To our knowledge the present study is the first to directly compare hemodynamic effects of bimatoprost and latanoprost in patients with normal tension glaucoma. An altered blood flow velocity due to a vasoconstricting activity of bimatoprost reported from Allemann and colleagues[29] is not detectable in humans by CDI measurements. These differences might be explained by the in vitro system used by Allemann, who worked with isolated ciliary arteries from pigs. Apart from potential differences between species, the balance between neuronal, endothelial and myogenic influences on vascular tone is disturbed in such an in vitro setting. In vitro studies for latanoprost revealed minimal vasoactivity.[28] The chemical origin of latanoprost is the prostaglandin PGF2α, which increases arterial tone. [25-27] Bimatoprost is a derivative of the prostamide F2α, which is enzymatically formed from PGF2α and should act similar like PGF2α, but has a lower receptor affinity.[32] How vasoconstriction influences ocular perfusion depends on its site of action: Constriction of pre-capillary sphincters will cause a deterioration of blood flow. On the other hand, moderate constriction of the entire arterial system of an organ will increase perfusion pressure. From this theoretic view prostaglandins could influence ocular blood flow in positive and negative direction or both effects neutralize each other.

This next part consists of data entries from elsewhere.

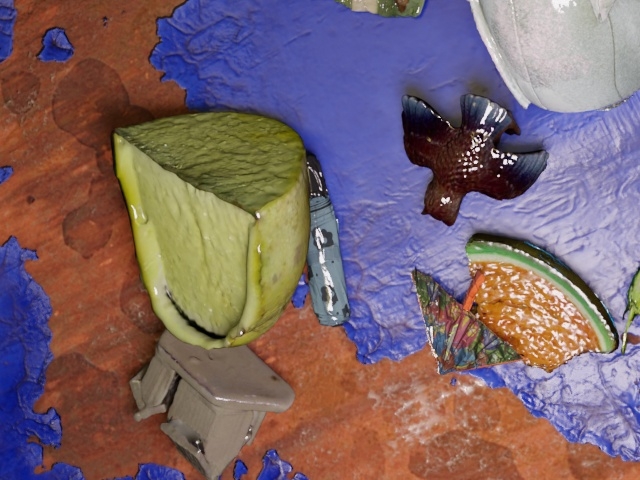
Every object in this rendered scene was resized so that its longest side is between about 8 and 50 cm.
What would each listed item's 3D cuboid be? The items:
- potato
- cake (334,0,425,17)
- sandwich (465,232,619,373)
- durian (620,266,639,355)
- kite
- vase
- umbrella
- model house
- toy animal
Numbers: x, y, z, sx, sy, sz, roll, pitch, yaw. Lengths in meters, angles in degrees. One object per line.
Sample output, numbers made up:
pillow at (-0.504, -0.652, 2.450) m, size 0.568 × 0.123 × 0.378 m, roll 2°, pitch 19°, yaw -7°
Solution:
potato at (-0.116, -0.004, 1.592) m, size 0.330 × 0.212 × 0.280 m, roll 28°, pitch 127°, yaw 41°
cake at (0.089, -0.451, 1.528) m, size 0.158 × 0.172 × 0.284 m, roll 15°, pitch 98°, yaw 14°
sandwich at (0.299, 0.090, 1.557) m, size 0.235 × 0.079 × 0.159 m, roll 20°, pitch 107°, yaw 15°
durian at (0.510, -0.003, 1.487) m, size 0.375 × 0.106 × 0.132 m, roll -45°, pitch 78°, yaw 6°
kite at (0.197, 0.120, 1.566) m, size 0.232 × 0.009 × 0.189 m, roll 43°, pitch 132°, yaw 35°
vase at (0.273, -0.379, 1.370) m, size 0.250 × 0.250 × 0.445 m, roll -18°, pitch 125°, yaw 13°
umbrella at (-0.001, 0.000, 1.628) m, size 0.053 × 0.052 × 0.251 m, roll -10°, pitch 91°, yaw 47°
model house at (-0.172, 0.235, 1.645) m, size 0.229 × 0.122 × 0.188 m, roll 37°, pitch 113°, yaw 23°
toy animal at (0.191, -0.108, 1.546) m, size 0.218 × 0.116 × 0.180 m, roll 25°, pitch 97°, yaw 4°
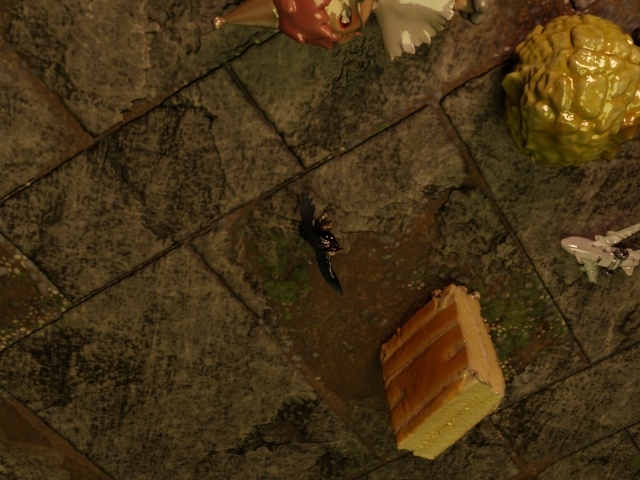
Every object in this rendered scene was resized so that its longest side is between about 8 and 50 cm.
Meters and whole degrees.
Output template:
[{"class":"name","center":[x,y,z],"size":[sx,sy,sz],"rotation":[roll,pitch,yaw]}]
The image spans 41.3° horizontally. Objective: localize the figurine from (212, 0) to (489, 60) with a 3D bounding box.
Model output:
[{"class":"figurine","center":[0.040,-0.352,1.195],"size":[0.387,0.166,0.206],"rotation":[-5,109,-8]}]

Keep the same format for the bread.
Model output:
[{"class":"bread","center":[0.223,0.239,1.584],"size":[0.111,0.239,0.246],"rotation":[21,130,-27]}]

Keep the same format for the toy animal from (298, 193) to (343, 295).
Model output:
[{"class":"toy animal","center":[0.000,0.000,1.477],"size":[0.062,0.108,0.220],"rotation":[-19,128,-1]}]

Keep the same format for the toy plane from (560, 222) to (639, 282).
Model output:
[{"class":"toy plane","center":[0.529,0.025,1.595],"size":[0.171,0.065,0.162],"rotation":[7,135,-18]}]

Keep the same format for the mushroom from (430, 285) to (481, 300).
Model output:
[{"class":"mushroom","center":[0.261,0.109,1.643],"size":[0.101,0.019,0.049],"rotation":[2,123,-9]}]

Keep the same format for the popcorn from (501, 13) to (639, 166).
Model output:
[{"class":"popcorn","center":[0.401,-0.218,1.324],"size":[0.252,0.206,0.236],"rotation":[27,104,-37]}]

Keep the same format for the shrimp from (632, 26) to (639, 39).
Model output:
[{"class":"shrimp","center":[0.710,-0.275,1.384],"size":[0.446,0.110,0.221],"rotation":[6,119,-16]}]
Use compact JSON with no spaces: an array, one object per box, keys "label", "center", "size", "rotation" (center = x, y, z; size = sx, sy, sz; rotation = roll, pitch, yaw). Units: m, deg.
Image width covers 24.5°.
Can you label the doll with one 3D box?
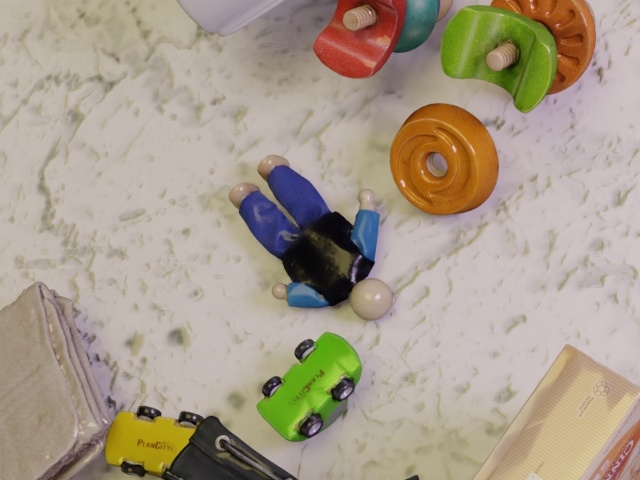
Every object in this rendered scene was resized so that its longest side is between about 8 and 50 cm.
[{"label":"doll","center":[0.000,0.000,1.324],"size":[0.129,0.046,0.189],"rotation":[-43,60,3]}]

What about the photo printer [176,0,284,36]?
[{"label":"photo printer","center":[0.005,-0.344,1.349],"size":[0.307,0.107,0.256],"rotation":[-30,31,20]}]

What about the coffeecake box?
[{"label":"coffeecake box","center":[0.189,0.175,1.097],"size":[0.068,0.185,0.142],"rotation":[33,85,29]}]

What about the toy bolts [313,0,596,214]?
[{"label":"toy bolts","center":[0.118,-0.160,1.319],"size":[0.228,0.158,0.218],"rotation":[33,125,19]}]

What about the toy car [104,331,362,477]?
[{"label":"toy car","center":[-0.045,0.177,1.268],"size":[0.225,0.053,0.239],"rotation":[-47,61,-1]}]

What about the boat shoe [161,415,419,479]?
[{"label":"boat shoe","center":[0.038,0.229,1.145],"size":[0.340,0.127,0.113],"rotation":[19,76,13]}]

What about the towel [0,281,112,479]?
[{"label":"towel","center":[-0.319,0.183,1.360],"size":[0.282,0.049,0.187],"rotation":[-36,54,16]}]

For latanoprost a handful of studies dealing with its effects on ocular perfusion have been published. Some of these studies state positive effects.[13,33,34] All these studies have in common that acute and short-term effects from less than an hour up to one week after application of the drug were observed. In accordance with the present results, studies with an extended follow up did not find any mid- or long-term effect of latanoprost on ocular hemodynamics.[13,35,36] A possible explanation for the difference between long- and short-term effects might be the acute reduction of intraocular pressure, which will result in an increased ocular perfusion pressure and leads to an improvement of ocular hemodynamics. For comparison with the presented results one has to point out that the previous reports were carried out with patients suffering from primary open angle glaucoma with initially increased IOP. Thus it is difficult to differentiate whether the observed improvement of ocular perfusion can be attributed to a primary effect of the active agent on the ocular vasculature or is secondary to IOP-reduction. In the setting of the present study the absolute IOP reduction in relation to ocular perfusion pressure is low and does affect ocular perfusion pressure only by approximately 5%. Retrobulbar blood flow velocities are directly proportional to ocular perfusion pressure. Subsequently, the effect of such a change in intraocular pressure on retrobulbar blood flow velocities is low, particularly compared to the changes seen after the administration of dorzolamide. Nevertheless, the tendency of an increase of retrobulbar blood flow velocity is visible in all treated groups.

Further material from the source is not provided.